The Trouble with Multitasking

People seem to always be doing two things at once. We work on projects while responding to emails. We text in the middle of conversations with friends. We scroll through Facebook while watching TV. Modern humans are constantly multitasking.

Or are we?

Many experts argue that we’re not even capable of multitasking. When we think we’re multitasking, they say, we’re actually just rapidly switching back and forth between tasks. John Medina, a research professor at the University of Washington, says that “Multitasking, when it comes to paying attention, is a myth. The brain naturally focuses on concepts sequentially, one at a time.”1 And science writer Christian Jarret, Ph.D., has this to say:

“Studies show that the human mind can only truly multitask when it comes to highly automatic behaviors like walking. For activities that require conscious attention, there is really no such thing as multitasking, only task switching—the process of flicking the mind back and forth between different demands. It can feel as though we’re super-efficiently doing two or more things at once. But in fact we’re just doing one thing, then another, then back again, with significantly less skill and accuracy than if we had simply focused on one job at a time.”2

Hmmm… so we can’t truly multitask, and what we’re actually doing all the time – task switching – is hurting our performance. In his great book, Deep Work, Cal Newport describes research that shows “when you switch from some Task A to another Task B, your attention doesn’t immediately follow—a residue of your attention remains stuck thinking about the original task. … and the more intense the residue, the worse the performance.”3

With regard to learning, Dr. Barbara Oakley says this in her great book, A Mind for Numbers, “Multitasking is like constantly pulling up a plant. This kind of constant shifting of your attention means that new ideas and concepts have no chance to take root and flourish.”4 In other words, when you’re trying to learn something new, and you’re just starting to get it, switching your attention to something else causes your newfound understanding to evaporate. If you really want something to make sense, and if you want it to stick, you have to give it your full attention.

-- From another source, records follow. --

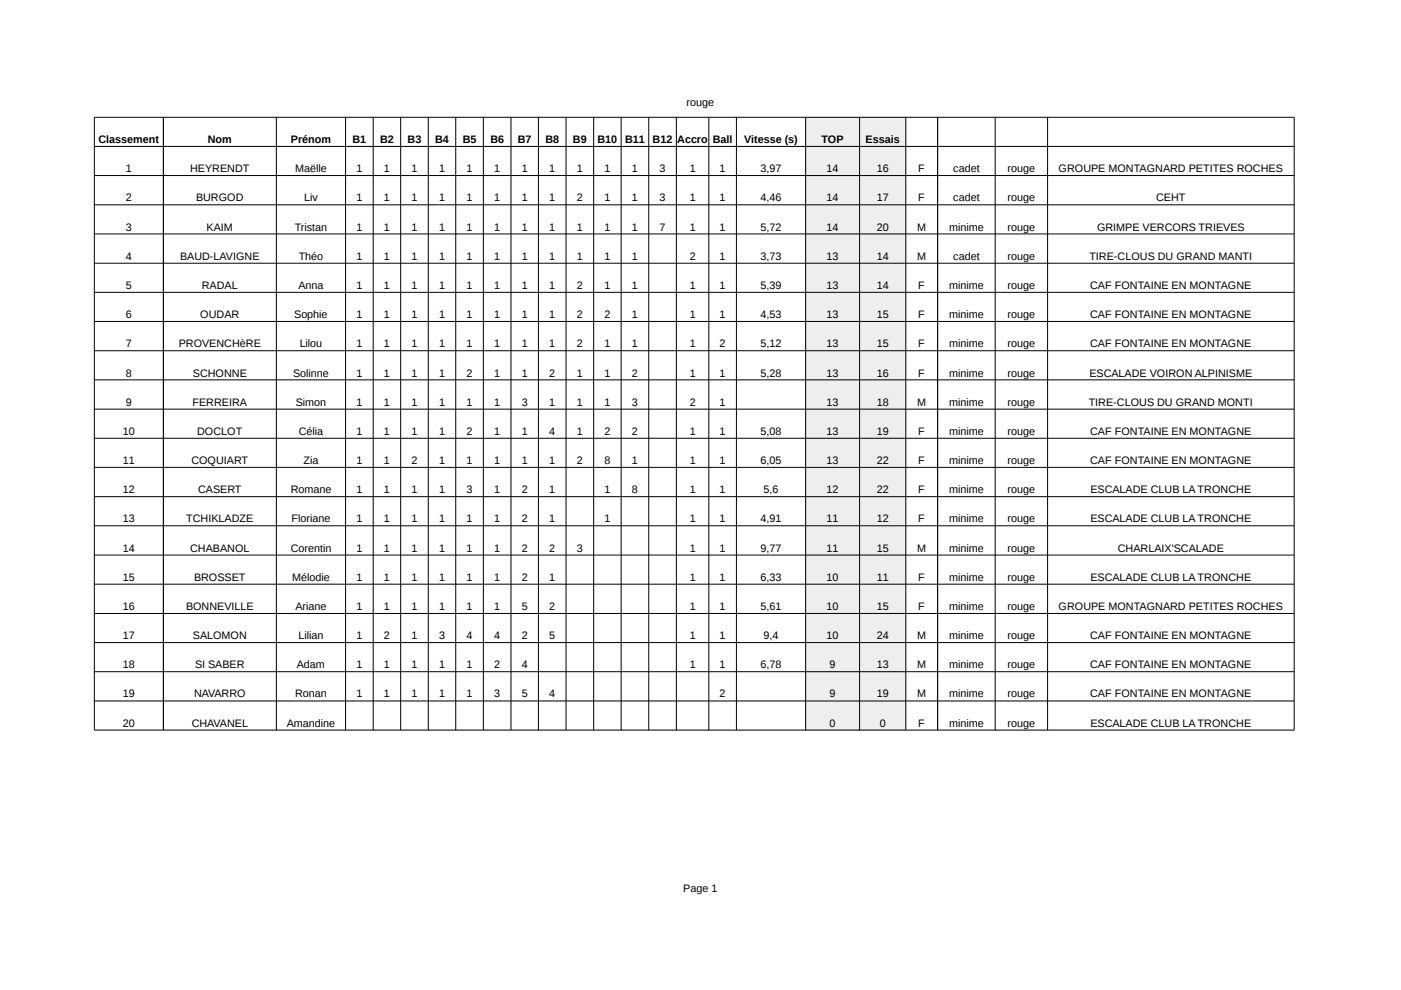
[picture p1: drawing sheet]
<svg xmlns="http://www.w3.org/2000/svg" width="297mm" height="210mm" viewBox="0 0 297 210" stroke-linecap="round" stroke-linejoin="round" font-family="sans-serif">
<defs><g id="words">
<g font-size="2.3">
<text x="145.6" y="22.4">rouge</text>
<text x="20.9" y="30.3">Classement</text>
<text x="44.1" y="30.3">Nom</text>
<text x="61.7" y="30.3">Prénom</text>
<text x="74.7" y="30.3">B1</text>
<text x="80.6" y="30.3">B2</text>
<text x="86.4" y="30.3">B3</text>
<text x="92.3" y="30.3">B4</text>
<text x="98.1" y="30.3">B5</text>
<text x="104" y="30.3">B6</text>
<text x="109.8" y="30.3">B7</text>
<text x="115.6" y="30.3">B8</text>
<text x="121.5" y="30.3">B9</text>
<text x="126.7" y="30.3">B10</text>
<text x="132.5" y="30.3">B11</text>
<text x="138.4" y="30.3">B12</text>
<text x="143.6" y="30.3">Accro</text>
<text x="151.1" y="30.3">Ball</text>
<text x="157.8" y="30.3">Vitesse (s)</text>
<text x="174.2" y="30.3">TOP</text>
<text x="183.5" y="30.3">Essais</text>
<text x="26.7" y="36.5">1</text>
<text x="40.3" y="36.5">HEYRENDT</text>
<text x="62.6" y="36.5">Maëlle</text>
<text x="75.6" y="36.5">1</text>
<text x="81.4" y="36.5">1</text>
<text x="87.2" y="36.5">1</text>
<text x="93.1" y="36.5">1</text>
<text x="98.9" y="36.5">1</text>
<text x="104.8" y="36.5">1</text>
<text x="110.6" y="36.5">1</text>
<text x="116.5" y="36.5">1</text>
<text x="122.3" y="36.5">1</text>
<text x="128.2" y="36.5">1</text>
<text x="134" y="36.5">1</text>
<text x="139.8" y="36.5">3</text>
<text x="146.2" y="36.5">1</text>
<text x="152.6" y="36.5">1</text>
<text x="161.3" y="36.5">3,97</text>
<text x="175.3" y="36.5">14</text>
<text x="185.9" y="36.5">16</text>
<text x="194.7" y="36.5">F</text>
<text x="202.1" y="36.5">cadet</text>
<text x="213.6" y="36.5">rouge</text>
<text x="224.4" y="36.5">GROUPE MONTAGNARD PETITES ROCHES</text>
<text x="26.7" y="42.7">2</text>
<text x="41.6" y="42.7">BURGOD</text>
<text x="64.5" y="42.7">Liv</text>
<text x="75.6" y="42.7">1</text>
<text x="81.4" y="42.7">1</text>
<text x="87.2" y="42.7">1</text>
<text x="93.1" y="42.7">1</text>
<text x="98.9" y="42.7">1</text>
<text x="104.8" y="42.7">1</text>
<text x="110.6" y="42.7">1</text>
<text x="116.5" y="42.7">1</text>
<text x="122.3" y="42.7">2</text>
<text x="128.2" y="42.7">1</text>
<text x="134" y="42.7">1</text>
<text x="139.8" y="42.7">3</text>
<text x="146.2" y="42.7">1</text>
<text x="152.6" y="42.7">1</text>
<text x="161.3" y="42.7">4,46</text>
<text x="175.3" y="42.7">14</text>
<text x="185.9" y="42.7">17</text>
<text x="194.7" y="42.7">F</text>
<text x="202.1" y="42.7">cadet</text>
<text x="213.6" y="42.7">rouge</text>
<text x="245.1" y="42.7">CEHT</text>
<text x="26.7" y="48.9">3</text>
<text x="43.8" y="48.9">KAIM</text>
<text x="62.5" y="48.9">Tristan</text>
<text x="75.6" y="48.9">1</text>
<text x="81.4" y="48.9">1</text>
<text x="87.2" y="48.9">1</text>
<text x="93.1" y="48.9">1</text>
<text x="98.9" y="48.9">1</text>
<text x="104.8" y="48.9">1</text>
<text x="110.6" y="48.9">1</text>
<text x="116.5" y="48.9">1</text>
<text x="122.3" y="48.9">1</text>
<text x="128.2" y="48.9">1</text>
<text x="134" y="48.9">1</text>
<text x="139.8" y="48.9">7</text>
<text x="146.2" y="48.9">1</text>
<text x="152.6" y="48.9">1</text>
<text x="161.3" y="48.9">5,72</text>
<text x="175.3" y="48.9">14</text>
<text x="185.9" y="48.9">20</text>
<text x="194.5" y="48.9">M</text>
<text x="201.2" y="48.9">minime</text>
<text x="213.6" y="48.9">rouge</text>
<text x="232.6" y="48.9">GRIMPE VERCORS TRIEVES</text>
<text x="26.7" y="55.1">4</text>
<text x="38.2" y="55.1">BAUD-LAVIGNE</text>
<text x="63.3" y="55.1">Théo</text>
<text x="75.6" y="55.1">1</text>
<text x="81.4" y="55.1">1</text>
<text x="87.2" y="55.1">1</text>
<text x="93.1" y="55.1">1</text>
<text x="98.9" y="55.1">1</text>
<text x="104.8" y="55.1">1</text>
<text x="110.6" y="55.1">1</text>
<text x="116.5" y="55.1">1</text>
<text x="122.3" y="55.1">1</text>
<text x="128.2" y="55.1">1</text>
<text x="134" y="55.1">1</text>
<text x="146.2" y="55.1">2</text>
<text x="152.6" y="55.1">1</text>
<text x="161.3" y="55.1">3,73</text>
<text x="175.3" y="55.1">13</text>
<text x="185.9" y="55.1">14</text>
<text x="194.5" y="55.1">M</text>
<text x="202.1" y="55.1">cadet</text>
<text x="213.6" y="55.1">rouge</text>
<text x="231" y="55.1">TIRE-CLOUS DU GRAND MANTI</text>
<text x="26.7" y="61.3">5</text>
<text x="42.8" y="61.3">RADAL</text>
<text x="63.3" y="61.3">Anna</text>
<text x="75.6" y="61.3">1</text>
<text x="81.4" y="61.3">1</text>
<text x="87.2" y="61.3">1</text>
<text x="93.1" y="61.3">1</text>
<text x="98.9" y="61.3">1</text>
<text x="104.8" y="61.3">1</text>
<text x="110.6" y="61.3">1</text>
<text x="116.5" y="61.3">1</text>
<text x="122.3" y="61.3">2</text>
<text x="128.2" y="61.3">1</text>
<text x="134" y="61.3">1</text>
<text x="146.2" y="61.3">1</text>
<text x="152.6" y="61.3">1</text>
<text x="161.3" y="61.3">5,39</text>
<text x="175.3" y="61.3">13</text>
<text x="185.9" y="61.3">14</text>
<text x="194.7" y="61.3">F</text>
<text x="201.2" y="61.3">minime</text>
<text x="213.6" y="61.3">rouge</text>
<text x="231.1" y="61.3">CAF FONTAINE EN MONTAGNE</text>
<text x="26.7" y="67.5">6</text>
<text x="42.5" y="67.5">OUDAR</text>
<text x="62.4" y="67.5">Sophie</text>
<text x="75.6" y="67.5">1</text>
<text x="81.4" y="67.5">1</text>
<text x="87.2" y="67.5">1</text>
<text x="93.1" y="67.5">1</text>
<text x="98.9" y="67.5">1</text>
<text x="104.8" y="67.5">1</text>
<text x="110.6" y="67.5">1</text>
<text x="116.5" y="67.5">1</text>
<text x="122.3" y="67.5">2</text>
<text x="128.2" y="67.5">2</text>
<text x="134" y="67.5">1</text>
<text x="146.2" y="67.5">1</text>
<text x="152.6" y="67.5">1</text>
<text x="161.3" y="67.5">4,53</text>
<text x="175.3" y="67.5">13</text>
<text x="185.9" y="67.5">15</text>
<text x="194.7" y="67.5">F</text>
<text x="201.2" y="67.5">minime</text>
<text x="213.6" y="67.5">rouge</text>
<text x="231.1" y="67.5">CAF FONTAINE EN MONTAGNE</text>
<text x="26.7" y="73.7">7</text>
<text x="37.9" y="73.7">PROVENCHèRE</text>
<text x="63.5" y="73.7">Lilou</text>
<text x="75.6" y="73.7">1</text>
<text x="81.4" y="73.7">1</text>
<text x="87.2" y="73.7">1</text>
<text x="93.1" y="73.7">1</text>
<text x="98.9" y="73.7">1</text>
<text x="104.8" y="73.7">1</text>
<text x="110.6" y="73.7">1</text>
<text x="116.5" y="73.7">1</text>
<text x="122.3" y="73.7">2</text>
<text x="128.2" y="73.7">1</text>
<text x="134" y="73.7">1</text>
<text x="146.2" y="73.7">1</text>
<text x="152.6" y="73.7">2</text>
<text x="161.3" y="73.7">5,12</text>
<text x="175.3" y="73.7">13</text>
<text x="185.9" y="73.7">15</text>
<text x="194.7" y="73.7">F</text>
<text x="201.2" y="73.7">minime</text>
<text x="213.6" y="73.7">rouge</text>
<text x="231.1" y="73.7">CAF FONTAINE EN MONTAGNE</text>
<text x="26.7" y="79.8">8</text>
<text x="40.9" y="79.8">SCHONNE</text>
<text x="62.1" y="79.8">Solinne</text>
<text x="75.6" y="79.8">1</text>
<text x="81.4" y="79.8">1</text>
<text x="87.2" y="79.8">1</text>
<text x="93.1" y="79.8">1</text>
<text x="98.9" y="79.8">2</text>
<text x="104.8" y="79.8">1</text>
<text x="110.6" y="79.8">1</text>
<text x="116.5" y="79.8">2</text>
<text x="122.3" y="79.8">1</text>
<text x="128.2" y="79.8">1</text>
<text x="134" y="79.8">2</text>
<text x="146.2" y="79.8">1</text>
<text x="152.6" y="79.8">1</text>
<text x="161.3" y="79.8">5,28</text>
<text x="175.3" y="79.8">13</text>
<text x="185.9" y="79.8">16</text>
<text x="194.7" y="79.8">F</text>
<text x="201.2" y="79.8">minime</text>
<text x="213.6" y="79.8">rouge</text>
<text x="231" y="79.8">ESCALADE VOIRON ALPINISME</text>
<text x="26.7" y="86">9</text>
<text x="40.8" y="86">FERREIRA</text>
<text x="62.7" y="86">Simon</text>
<text x="75.6" y="86">1</text>
<text x="81.4" y="86">1</text>
<text x="87.2" y="86">1</text>
<text x="93.1" y="86">1</text>
<text x="98.9" y="86">1</text>
<text x="104.8" y="86">1</text>
<text x="110.6" y="86">3</text>
<text x="116.5" y="86">1</text>
<text x="122.3" y="86">1</text>
<text x="128.2" y="86">1</text>
<text x="134" y="86">3</text>
<text x="146.2" y="86">2</text>
<text x="152.6" y="86">1</text>
<text x="175.3" y="86">13</text>
<text x="185.9" y="86">18</text>
<text x="194.5" y="86">M</text>
<text x="201.2" y="86">minime</text>
<text x="213.6" y="86">rouge</text>
<text x="230.8" y="86">TIRE-CLOUS DU GRAND MONTI</text>
<text x="26" y="92.2">10</text>
<text x="41.8" y="92.2">DOCLOT</text>
<text x="63.4" y="92.2">Célia</text>
<text x="75.6" y="92.2">1</text>
<text x="81.4" y="92.2">1</text>
<text x="87.2" y="92.2">1</text>
<text x="93.1" y="92.2">1</text>
<text x="98.9" y="92.2">2</text>
<text x="104.8" y="92.2">1</text>
<text x="110.6" y="92.2">1</text>
<text x="116.5" y="92.2">4</text>
<text x="122.3" y="92.2">1</text>
<text x="128.2" y="92.2">2</text>
<text x="134" y="92.2">2</text>
<text x="146.2" y="92.2">1</text>
<text x="152.6" y="92.2">1</text>
<text x="161.3" y="92.2">5,08</text>
<text x="175.3" y="92.2">13</text>
<text x="185.9" y="92.2">19</text>
<text x="194.7" y="92.2">F</text>
<text x="201.2" y="92.2">minime</text>
<text x="213.6" y="92.2">rouge</text>
<text x="231.1" y="92.2">CAF FONTAINE EN MONTAGNE</text>
<text x="26" y="98.4">11</text>
<text x="40.6" y="98.4">COQUIART</text>
<text x="64.3" y="98.4">Zia</text>
<text x="75.6" y="98.4">1</text>
<text x="81.4" y="98.4">1</text>
<text x="87.2" y="98.4">2</text>
<text x="93.1" y="98.4">1</text>
<text x="98.9" y="98.4">1</text>
<text x="104.8" y="98.4">1</text>
<text x="110.6" y="98.4">1</text>
<text x="116.5" y="98.4">1</text>
<text x="122.3" y="98.4">2</text>
<text x="128.2" y="98.4">8</text>
<text x="134" y="98.4">1</text>
<text x="146.2" y="98.4">1</text>
<text x="152.6" y="98.4">1</text>
<text x="161.3" y="98.4">6,05</text>
<text x="175.3" y="98.4">13</text>
<text x="185.9" y="98.4">22</text>
<text x="194.7" y="98.4">F</text>
<text x="201.2" y="98.4">minime</text>
<text x="213.6" y="98.4">rouge</text>
<text x="231.1" y="98.4">CAF FONTAINE EN MONTAGNE</text>
<text x="26" y="104.6">12</text>
<text x="42" y="104.6">CASERT</text>
<text x="61.6" y="104.6">Romane</text>
<text x="75.6" y="104.6">1</text>
<text x="81.4" y="104.6">1</text>
<text x="87.2" y="104.6">1</text>
<text x="93.1" y="104.6">1</text>
<text x="98.9" y="104.6">3</text>
<text x="104.8" y="104.6">1</text>
<text x="110.6" y="104.6">2</text>
<text x="116.5" y="104.6">1</text>
<text x="128.2" y="104.6">1</text>
<text x="134" y="104.6">8</text>
<text x="146.2" y="104.6">1</text>
<text x="152.6" y="104.6">1</text>
<text x="161.9" y="104.6">5,6</text>
<text x="175.3" y="104.6">12</text>
<text x="185.9" y="104.6">22</text>
<text x="194.7" y="104.6">F</text>
<text x="201.2" y="104.6">minime</text>
<text x="213.6" y="104.6">rouge</text>
<text x="231.2" y="104.6">ESCALADE CLUB LA TRONCHE</text>
<text x="26" y="110.8">13</text>
<text x="39.5" y="110.8">TCHIKLADZE</text>
<text x="61.8" y="110.8">Floriane</text>
<text x="75.6" y="110.8">1</text>
<text x="81.4" y="110.8">1</text>
<text x="87.2" y="110.8">1</text>
<text x="93.1" y="110.8">1</text>
<text x="98.9" y="110.8">1</text>
<text x="104.8" y="110.8">1</text>
<text x="110.6" y="110.8">2</text>
<text x="116.5" y="110.8">1</text>
<text x="128.2" y="110.8">1</text>
<text x="146.2" y="110.8">1</text>
<text x="152.6" y="110.8">1</text>
<text x="161.3" y="110.8">4,91</text>
<text x="175.3" y="110.8">11</text>
<text x="185.9" y="110.8">12</text>
<text x="194.7" y="110.8">F</text>
<text x="201.2" y="110.8">minime</text>
<text x="213.6" y="110.8">rouge</text>
<text x="231.2" y="110.8">ESCALADE CLUB LA TRONCHE</text>
<text x="26" y="116.9">14</text>
<text x="40.3" y="116.9">CHABANOL</text>
<text x="61.6" y="116.9">Corentin</text>
<text x="75.6" y="116.9">1</text>
<text x="81.4" y="116.9">1</text>
<text x="87.2" y="116.9">1</text>
<text x="93.1" y="116.9">1</text>
<text x="98.9" y="116.9">1</text>
<text x="104.8" y="116.9">1</text>
<text x="110.6" y="116.9">2</text>
<text x="116.5" y="116.9">2</text>
<text x="122.3" y="116.9">3</text>
<text x="146.2" y="116.9">1</text>
<text x="152.6" y="116.9">1</text>
<text x="161.3" y="116.9">9,77</text>
<text x="175.3" y="116.9">11</text>
<text x="185.9" y="116.9">15</text>
<text x="194.5" y="116.9">M</text>
<text x="201.2" y="116.9">minime</text>
<text x="213.6" y="116.9">rouge</text>
<text x="237" y="116.9">CHARLAIX'SCALADE</text>
<text x="26" y="123.2">15</text>
<text x="41.1" y="123.2">BROSSET</text>
<text x="61.9" y="123.2">Mélodie</text>
<text x="75.6" y="123.2">1</text>
<text x="81.4" y="123.2">1</text>
<text x="87.2" y="123.2">1</text>
<text x="93.1" y="123.2">1</text>
<text x="98.9" y="123.2">1</text>
<text x="104.8" y="123.2">1</text>
<text x="110.6" y="123.2">2</text>
<text x="116.5" y="123.2">1</text>
<text x="146.2" y="123.2">1</text>
<text x="152.6" y="123.2">1</text>
<text x="161.3" y="123.2">6,33</text>
<text x="175.3" y="123.2">10</text>
<text x="185.9" y="123.2">11</text>
<text x="194.7" y="123.2">F</text>
<text x="201.2" y="123.2">minime</text>
<text x="213.6" y="123.2">rouge</text>
<text x="231.2" y="123.2">ESCALADE CLUB LA TRONCHE</text>
<text x="26" y="129.3">16</text>
<text x="39.4" y="129.3">BONNEVILLE</text>
<text x="62.6" y="129.3">Ariane</text>
<text x="75.6" y="129.3">1</text>
<text x="81.4" y="129.3">1</text>
<text x="87.2" y="129.3">1</text>
<text x="93.1" y="129.3">1</text>
<text x="98.9" y="129.3">1</text>
<text x="104.8" y="129.3">1</text>
<text x="110.6" y="129.3">5</text>
<text x="116.5" y="129.3">2</text>
<text x="146.2" y="129.3">1</text>
<text x="152.6" y="129.3">1</text>
<text x="161.3" y="129.3">5,61</text>
<text x="175.3" y="129.3">10</text>
<text x="185.9" y="129.3">15</text>
<text x="194.7" y="129.3">F</text>
<text x="201.2" y="129.3">minime</text>
<text x="213.6" y="129.3">rouge</text>
<text x="224.4" y="129.3">GROUPE MONTAGNARD PETITES ROCHES</text>
<text x="26" y="135.5">17</text>
<text x="40.9" y="135.5">SALOMON</text>
<text x="63.3" y="135.5">Lilian</text>
<text x="75.6" y="135.5">1</text>
<text x="81.4" y="135.5">2</text>
<text x="87.2" y="135.5">1</text>
<text x="93.1" y="135.5">3</text>
<text x="98.9" y="135.5">4</text>
<text x="104.8" y="135.5">4</text>
<text x="110.6" y="135.5">2</text>
<text x="116.5" y="135.5">5</text>
<text x="146.2" y="135.5">1</text>
<text x="152.6" y="135.5">1</text>
<text x="161.9" y="135.5">9,4</text>
<text x="175.3" y="135.5">10</text>
<text x="185.9" y="135.5">24</text>
<text x="194.5" y="135.5">M</text>
<text x="201.2" y="135.5">minime</text>
<text x="213.6" y="135.5">rouge</text>
<text x="231.1" y="135.5">CAF FONTAINE EN MONTAGNE</text>
<text x="26" y="141.7">18</text>
<text x="41.3" y="141.7">SI SABER</text>
<text x="62.9" y="141.7">Adam</text>
<text x="75.6" y="141.7">1</text>
<text x="81.4" y="141.7">1</text>
<text x="87.2" y="141.7">1</text>
<text x="93.1" y="141.7">1</text>
<text x="98.9" y="141.7">1</text>
<text x="104.8" y="141.7">2</text>
<text x="110.6" y="141.7">4</text>
<text x="146.2" y="141.7">1</text>
<text x="152.6" y="141.7">1</text>
<text x="161.3" y="141.7">6,78</text>
<text x="175.9" y="141.7">9</text>
<text x="185.9" y="141.7">13</text>
<text x="194.5" y="141.7">M</text>
<text x="201.2" y="141.7">minime</text>
<text x="213.6" y="141.7">rouge</text>
<text x="231.1" y="141.7">CAF FONTAINE EN MONTAGNE</text>
<text x="26" y="147.9">19</text>
<text x="41.1" y="147.9">NAVARRO</text>
<text x="62.5" y="147.9">Ronan</text>
<text x="75.6" y="147.9">1</text>
<text x="81.4" y="147.9">1</text>
<text x="87.2" y="147.9">1</text>
<text x="93.1" y="147.9">1</text>
<text x="98.9" y="147.9">1</text>
<text x="104.8" y="147.9">3</text>
<text x="110.6" y="147.9">5</text>
<text x="116.5" y="147.9">4</text>
<text x="152.6" y="147.9">2</text>
<text x="175.9" y="147.9">9</text>
<text x="185.9" y="147.9">19</text>
<text x="194.5" y="147.9">M</text>
<text x="201.2" y="147.9">minime</text>
<text x="213.6" y="147.9">rouge</text>
<text x="231.1" y="147.9">CAF FONTAINE EN MONTAGNE</text>
<text x="26" y="154.1">20</text>
<text x="40.6" y="154.1">CHAVANEL</text>
<text x="60.8" y="154.1">Amandine</text>
<text x="175.9" y="154.1">0</text>
<text x="186.5" y="154.1">0</text>
<text x="194.7" y="154.1">F</text>
<text x="201.2" y="154.1">minime</text>
<text x="213.6" y="154.1">rouge</text>
<text x="231.2" y="154.1">ESCALADE CLUB LA TRONCHE</text>
<text x="144.9" y="189.2">Page 1</text>
</g>
</g></defs>
<path d="M170.8 24.8h21.2v24.8h-21.2z" fill-rule="evenodd" fill="#eee"/>
<g fill="#fff">
<path d="M192 24.8h6.8v24.8h-6.8z" fill-rule="evenodd"/>
<path d="M198.8 24.8h75.6v24.8h-75.6z" fill-rule="evenodd"/>
<path d="M274.4 24.8v24.8z" fill-rule="evenodd"/>
</g>
<path d="M170.8 49.6h21.2v6.2h-21.2z" fill-rule="evenodd" fill="#eee"/>
<g fill="#fff">
<path d="M20 55.8h14.6v99h-14.6z" fill-rule="evenodd"/>
<path d="M34.6 55.8v99z" fill-rule="evenodd"/>
<path d="M34.6 55.8h136.2v99h-136.2z" fill-rule="evenodd"/>
</g>
<path d="M170.8 55.8h21.2v99h-21.2z" fill-rule="evenodd" fill="#eee"/>
<g fill="#fff">
<path d="M192 55.8h6.8v99h-6.8z" fill-rule="evenodd"/>
<path d="M198.8 55.8h75.6v99h-75.6z" fill-rule="evenodd"/>
<path d="M274.4 55.8v99z" fill-rule="evenodd"/>
</g>
<g fill="none" stroke="#000" stroke-width=".21">
<path d="M20 24.9h254.4v129.9h-254.4zM20 31h254.4M20 37.2h254.4M34.6 24.9v129.9M58.6 24.9v129.9M73.3 24.9v129.9M79.1 24.9v129.9M84.9 24.9v129.9M90.8 24.9v129.9M96.6 24.9v129.9M102.5 24.9v129.9M108.3 24.9v129.9"/>
<path d="M114.2 24.9v129.9M120 24.9v129.9M125.9 24.9v129.9M131.7 24.9v129.9M137.5 24.9v129.9M143.4 24.9v129.9M150.3 24.9v129.9M156.1 24.9v129.9M170.8 24.9v129.9M182.2 24.9v129.9M192.1 24.9v129.9M198.8 24.9v129.9"/>
<path d="M211 24.9v129.9M222.1 24.9v129.9M20 43.4h254.4M20 49.6h254.4M20 55.8h254.4M20 62h254.4M20 68.2h254.4M20 74.4h254.4M20 80.5h254.4M20 86.7h254.4M20 92.9h254.4M20 99.1h254.4"/>
<path d="M20 105.3h254.4M20 111.5h254.4M20 117.7h254.4M20 123.9h254.4M20 130.1h254.4M20 136.2h254.4M20 142.4h254.4M20 148.6h254.4"/>
</g>
<use href="#words"/>
</svg>

This is easier said than done. The modern world has almost limitless distractions. Although technology has brought many benefits, it has also come with a serious cost: It interrupts our focus and interferes with our doing the task at hand effectively and even safely. In their book, The Distracted Mind, Adam Gazzaley and Larry Rosen ask, “Is it any wonder that 80 percent of car accidents and 16 percent of highway deaths are the consequence of distracted driving? We are all cruising along on a superhighway of interference.”5

Furthermore, it’s not just making us worse at whatever tasks we’re trying to do, it’s also costing us time as Alex Soojung-Kim Pang pointed out in The Distraction Addiction:

“Every time you move from one window to another on your computer or move from reading your e-mail to listening to a conference call, your mind has to spend energy. By some estimates, you can lose several working hours every week to these moments, which come at exactly those times when you want to be most productive.”6

So we think that “multitasking” is being efficient, but it’s actually slowing us down. And even more troubling is that we’re mostly blind to the costs. Gazzaley and Rosen note that “we are mostly oblivious to the toll that constant task switching generates. We convince ourselves that we can handle it because we mistakenly believe that we possess a brain that is built for multitasking; or, because we do it all the time, we feel that we must have become really good at it.”5

In reality, however, the more often we engage in task switching, the worse we become at managing distractions, staying focused, sorting the important information from the irrelevant, and even on task switching itself.1 In other words, the more you “multitask,” the worse you become at it.

Now parents, please don’t make the mistake of thinking I’m talking about a problem your kids have. This is a problem we all have. And if today’s youth are tech-addicted and constantly switching tasks instead of focusing on schoolwork, that’s not really their fault. This is the world we gave them. And the best thing we can do is lead by example.

So what are we to do? The answer is simple: Do one thing at a time. Monotasking is what we’re actually built for. Here’s Cal Newport again:

“To produce at your peak level you need to work for extended periods with full concentration on a single task free from distraction. Put another way, the type of work that optimizes performance is deep work.”3

And even though the modern world pulls us away from that way of working, we can take steps to insulate ourselves from all the distractions that bombard us on a daily basis. For starters, we can remember that our devices are just tools, and we have the power to turn them off or put them away. I spend most of my day in airplane mode to facilitate monotasking. If you’re tired of being interrupted by notifications, consider a little experiment in which you do the same.

Importantly, if you haven’t been spending time each day monotasking, you’ll probably find it to be very difficult at first. Deep work takes practice.3 Remember that staying focused requires actively engaging the part of the brain that is responsible for focus: the prefrontal cortex.7 Practices like breathing meditation and reading give your prefrontal cortex a workout. Focus is a muscle; it gets stronger when you use it.

1 Medina, John. Brain Rules: 12 Principles for Surviving and Thriving at Work, Home, and School. Pear Press, 2008.

2 Glei, Jocelyn K. with 99U. Manage Your Day-to-Day: Build Your Routine, Find Your Focus, and Sharpen Your Creative Mind. The 99U Book Series. Amazon Publishing, 2013.

3 Newport, Cal. Deep Work: Rules for Focused Success in a Distracted World. Grand Central Publishing, 2016.

4 Oakley, Barbara. A Mind for Numbers: How to Excel at Math and Science (Even if you Flunked Algebra). Penguin, 2014.

5 Gazzaley, Adam, and Larry D. Rosen. The Distracted Mind: Ancient Brains in a High-Tech World. The MIT Press, 2016.

6 Pang, Alex Soojung-Kim. The Distraction Addiction: Getting the Information You Need and the Communication You Want, Without Enraging Your Family, Annoying Your Colleagues, and Destroying Your Soul. Little, Brown and Company, 2013.

7 MacDonald, Matthew. Your Brain: The Missing Manual. O’Reilly Media, 2008.